Contexte politique immédiat :

27 mai : exécution de Gracchus Babeuf, rédacteur du Tribun du peuple.

4 septembre : journée du 18 fructidor an V, le Directoire met fin aux ambitions des royalistes de rétablir la monarchie.

 

Articles curieux :

L’INCONSÉQUENCE FRANÇAISE.

Deux ans avant la révolution,

Un beau matin tout à coup survenu,

Au théâtre, partout, il n’était question

Que de HENRI : saluer sa statue

Était même, on le sait, une obligation.

Or, du Français voyant cette idole abattue,

Un passant, pris de vin, s’écria stupéfait :

Il est fort celui-là ! quoi ! le bon Henri-Quatre !

Depuis deux ans, qu’a-t-il donc fait

Pour qu’on vienne aujourd’hui l’abattre.

                                                      GUICHARD.

(T. II, Semaine XI)

 

Imprimeras-tu cette traduction ? me disait un de mes amis. – Pourquoi pas ? – Ils diront que tu du parti de l’opposition. – Ils ne sauront ce qu’ils diront.
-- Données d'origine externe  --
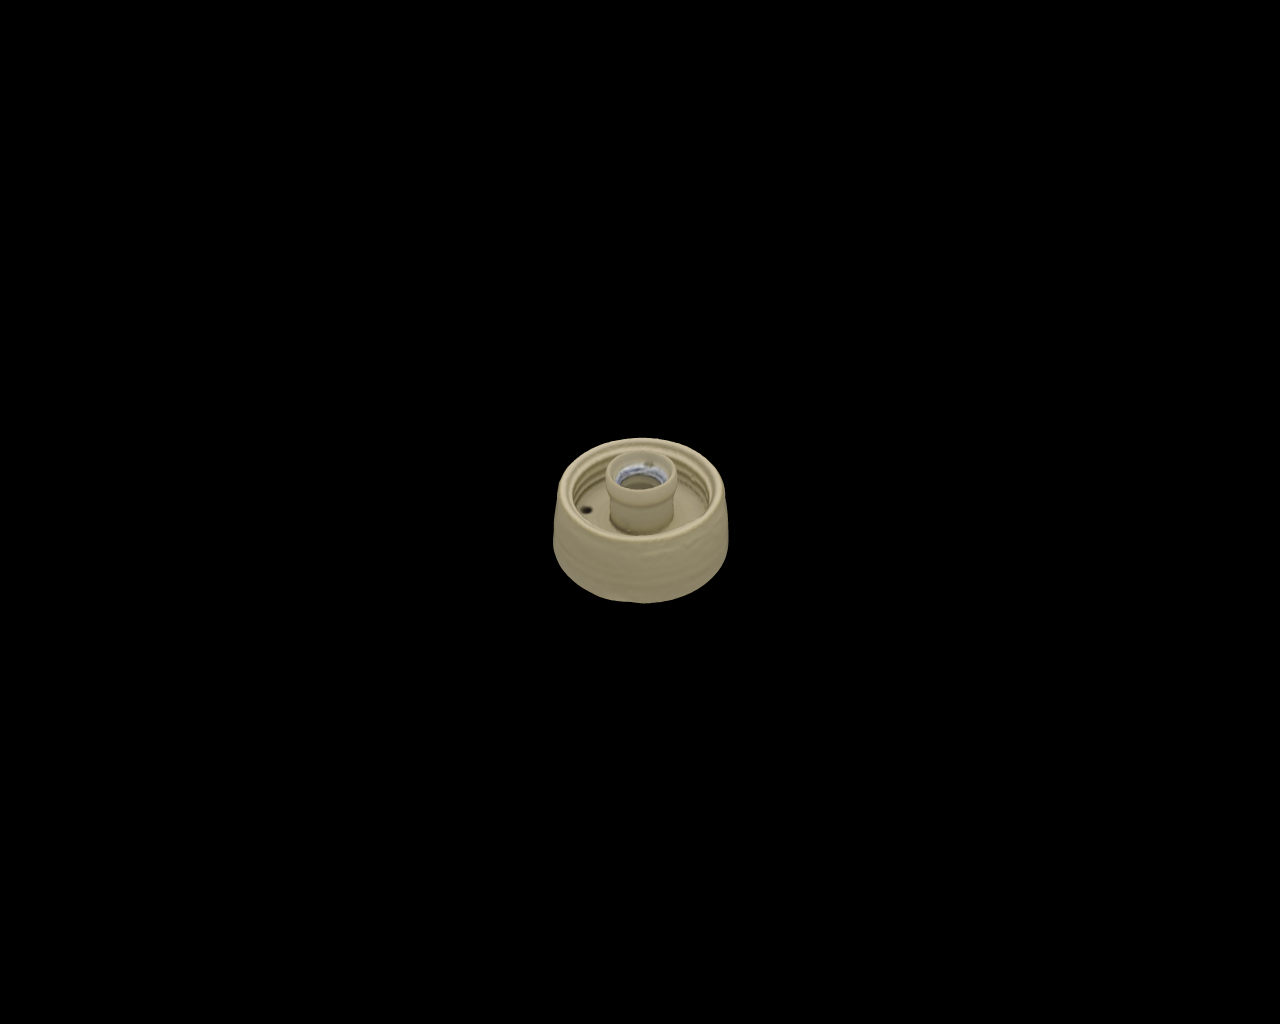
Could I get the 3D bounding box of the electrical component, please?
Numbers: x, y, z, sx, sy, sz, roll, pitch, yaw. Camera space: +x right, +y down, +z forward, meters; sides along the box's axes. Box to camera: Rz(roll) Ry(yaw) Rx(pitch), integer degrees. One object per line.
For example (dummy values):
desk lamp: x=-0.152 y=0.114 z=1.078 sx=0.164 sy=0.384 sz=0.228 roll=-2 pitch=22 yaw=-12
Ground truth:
electrical component: x=0.001 y=-0.003 z=0.650 sx=0.108 sy=0.060 sz=0.108 roll=0 pitch=40 yaw=0
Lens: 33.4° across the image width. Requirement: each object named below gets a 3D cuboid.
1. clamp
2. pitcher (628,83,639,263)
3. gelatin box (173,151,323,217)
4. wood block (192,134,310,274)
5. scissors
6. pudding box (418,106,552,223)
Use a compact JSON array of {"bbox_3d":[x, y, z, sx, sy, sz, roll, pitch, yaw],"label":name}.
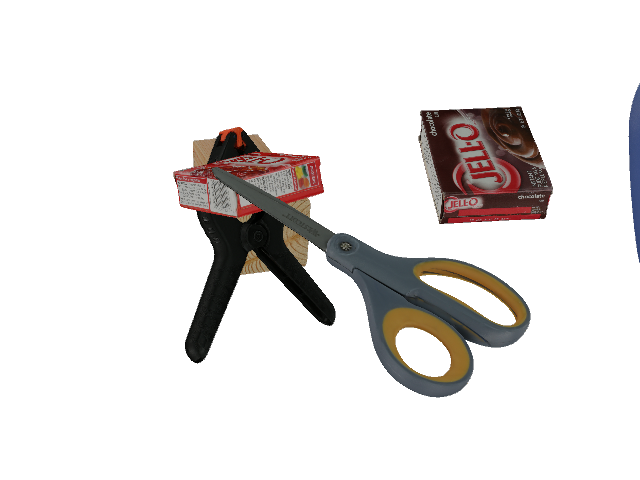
[{"bbox_3d":[-0.059,0.001,0.993,0.164,0.210,0.036,-4,0,-38],"label":"clamp"},{"bbox_3d":[0.253,-0.012,0.603,0.149,0.243,0.144,0,22,17],"label":"pitcher"},{"bbox_3d":[-0.052,-0.042,0.762,0.073,0.030,0.089,-17,16,-31],"label":"gelatin box"},{"bbox_3d":[-0.089,-0.049,1.318,0.090,0.090,0.206,-7,30,-19],"label":"wood block"},{"bbox_3d":[0.013,0.022,0.583,0.202,0.096,0.016,20,-40,10],"label":"scissors"},{"bbox_3d":[0.134,-0.064,0.889,0.090,0.039,0.113,-2,42,-6],"label":"pudding box"}]
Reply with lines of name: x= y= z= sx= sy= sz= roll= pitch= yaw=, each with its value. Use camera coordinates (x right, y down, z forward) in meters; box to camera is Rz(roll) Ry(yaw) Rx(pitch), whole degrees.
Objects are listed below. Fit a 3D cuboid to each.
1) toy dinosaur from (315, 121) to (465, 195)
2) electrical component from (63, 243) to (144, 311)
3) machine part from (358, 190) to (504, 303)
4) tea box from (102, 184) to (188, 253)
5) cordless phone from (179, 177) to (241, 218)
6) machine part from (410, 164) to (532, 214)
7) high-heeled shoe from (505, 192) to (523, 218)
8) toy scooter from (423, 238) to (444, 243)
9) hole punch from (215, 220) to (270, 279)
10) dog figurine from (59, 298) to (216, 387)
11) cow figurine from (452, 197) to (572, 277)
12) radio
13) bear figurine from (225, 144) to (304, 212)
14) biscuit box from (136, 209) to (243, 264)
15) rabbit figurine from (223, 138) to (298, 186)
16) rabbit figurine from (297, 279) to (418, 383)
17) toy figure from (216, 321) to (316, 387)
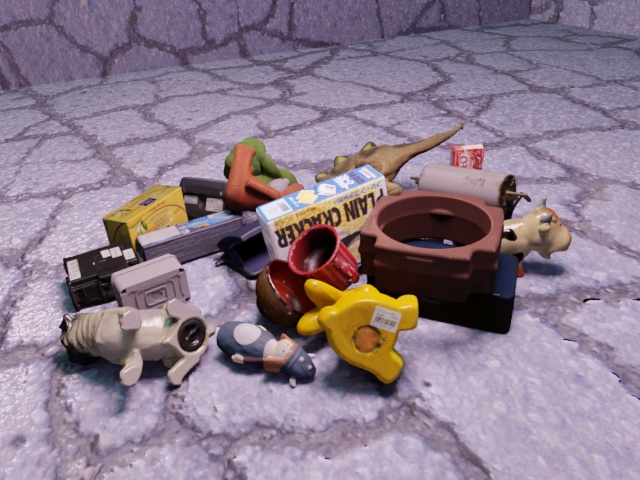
toy dinosaur: x=0.111 y=-0.154 z=1.183 sx=0.472 sy=0.104 sz=0.199 roll=-19 pitch=26 yaw=6
electrical component: x=-0.387 y=0.061 z=0.973 sx=0.134 sy=0.058 sz=0.115 roll=-16 pitch=34 yaw=-20
machine part: x=0.173 y=0.004 z=0.826 sx=0.201 sy=0.087 sz=0.201 roll=8 pitch=33 yaw=19
tea box: x=-0.351 y=-0.037 z=1.098 sx=0.068 sy=0.098 sz=0.170 roll=9 pitch=34 yaw=22
cordless phone: x=-0.219 y=-0.103 z=1.229 sx=0.147 sy=0.088 sz=0.184 roll=8 pitch=13 yaw=21
machine part: x=0.277 y=-0.099 z=1.020 sx=0.244 sy=0.079 sz=0.079 roll=17 pitch=36 yaw=41
high-heeled shoe: x=0.311 y=-0.057 z=1.107 sx=0.145 sy=0.086 sz=0.249 roll=-46 pitch=22 yaw=-8
toy scooter: x=0.184 y=-0.029 z=1.039 sx=0.135 sy=0.075 sz=0.184 roll=12 pitch=30 yaw=25
hole punch: x=-0.126 y=0.001 z=1.017 sx=0.142 sy=0.092 sz=0.116 roll=-31 pitch=36 yaw=-33
dog figurine: x=-0.273 y=0.138 z=0.801 sx=0.191 sy=0.121 sz=0.172 roll=2 pitch=-9 yaw=45
cow figurine: x=0.327 y=-0.005 z=0.926 sx=0.195 sy=0.127 sz=0.085 roll=1 pitch=33 yaw=14
radio: x=0.202 y=0.065 z=0.877 sx=0.230 sy=0.073 sz=0.131 roll=11 pitch=32 yaw=22
bear figurine: x=-0.089 y=-0.098 z=1.086 sx=0.196 sy=0.120 sz=0.132 roll=10 pitch=69 yaw=-3
biscuit box: x=-0.250 y=0.000 z=1.056 sx=0.203 sy=0.062 sz=0.059 roll=-19 pitch=32 yaw=-24
rabbit figurine: x=-0.126 y=-0.159 z=1.240 sx=0.170 sy=0.121 sz=0.159 roll=26 pitch=4 yaw=1
rabbit figurine: x=0.050 y=0.117 z=0.777 sx=0.162 sy=0.121 sz=0.173 roll=9 pitch=9 yaw=2
toy figure: x=-0.077 y=0.159 z=0.768 sx=0.155 sy=0.057 sz=0.064 roll=14 pitch=73 yaw=26

Les flatteurs : voilà le parti de l’opposition. Les gouvernements, en calculant leurs forces, ne comptent jamais les hommes qui leur disent la vérité. Ils ont bien tort : avec des soldats, ils peuvent vaincre le monde ; mais l’armée des hommes véridiques leur assure la conquête du temps ; et le temps est le plus grand ennemi des empires.